Thinning hair and hair volume can be a problem for some women post-menopause, but we have hints and tips on making the most of your hair in this week’s issue. If you’re really worried, do consult your GP in the first instance and it might be worth consulting a trichologist for expert advice tailored to your needs.

Sally-Ann Tarver, Trichologist

Trichologist Sally-Ann Tarver from The Cotswold Trichology Centre & Theradome GB explains that there are a number of ways in which hair volume can be boosted.

Coat hair

There are numerous volumising products on the market that coat individual hair-shafts with synthetic polymers which leads to each strand becoming a few microns thicker. These come in the shape of shampoos, conditioners and styling agents, normally labeled as volumising, thickening or anti-ageing. The only issue with these types of product are that they build up over time and hair can become heavy and flat rather than volumous.

Swell hair

Vitamin B5 (pantothenic acid/panthenol) is said to have a slightly “plumping” or swelling action on the hair-shaft. Unlike synthetic polymers, this doesn’t build up over time but the ingredient is often found in the same types of product as the above. Colouring/lightening hair also causes hair to swell but care must be taken not to damage the hair structure.

Protein products

Protein products are normally found in the form of hair treatments to be used between your shampoo and condition. This is an excellent method of volumising hair that works on the hairs internal structure by strengthening the polypeptide chains or cystine linkages in the hairs cortex. The long-term effect is hair that is internally stronger and holds its shape better. A build up effect is a good thing in this case rather than a bad thing. Increasing dietary protein may also help in the long term.
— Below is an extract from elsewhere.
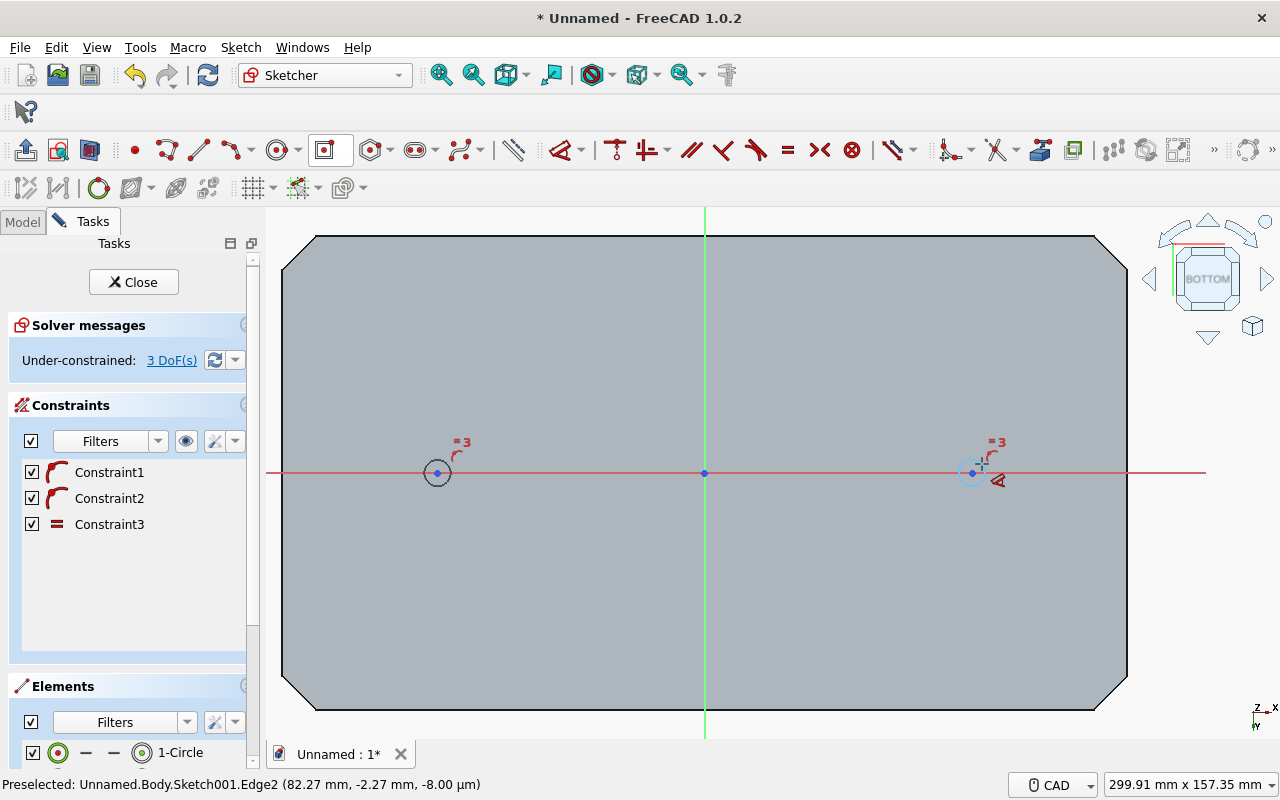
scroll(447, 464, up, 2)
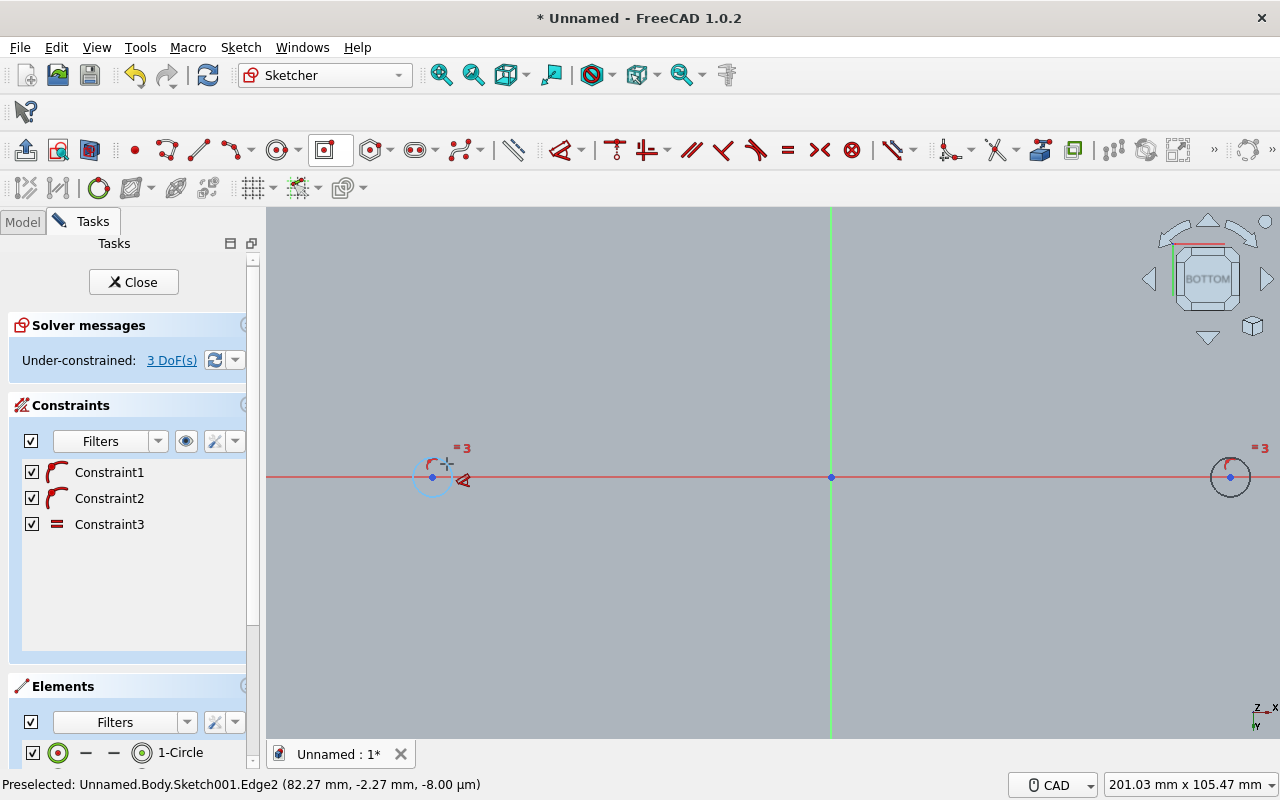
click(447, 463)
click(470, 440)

Professional advice for hair volume

If your hair lacks volume because it has thinned, then the answer in this case is to seek some professional advice and find out why it has thinned. Hair is a barometer of health and hair thinning is often a symptom that something is wrong. Although your GP can carry out blood tests for you, a Trichologist has more experience (and more time available) to help you get to the bottom of why your hair has changed.

Increase the diameter of existing hairs

The diameter of our hair becomes finer with age. If each strand becomes 25% finer it may appear that hair density is 25% less without any actual loss of hair. There are few treatments available which are truly able to restore the hair-shafts diameter as opposed to simply coating or swelling it. Laser Phototherapy can be beneficial for volumising hair by increasing the diameter over time. It is not a quick-fix but a long term “anti-ageing” style hair treatment. Devices such as the Theradome LH80 PRO laser helmet can be used as a home treatment with minimal effort twice a week.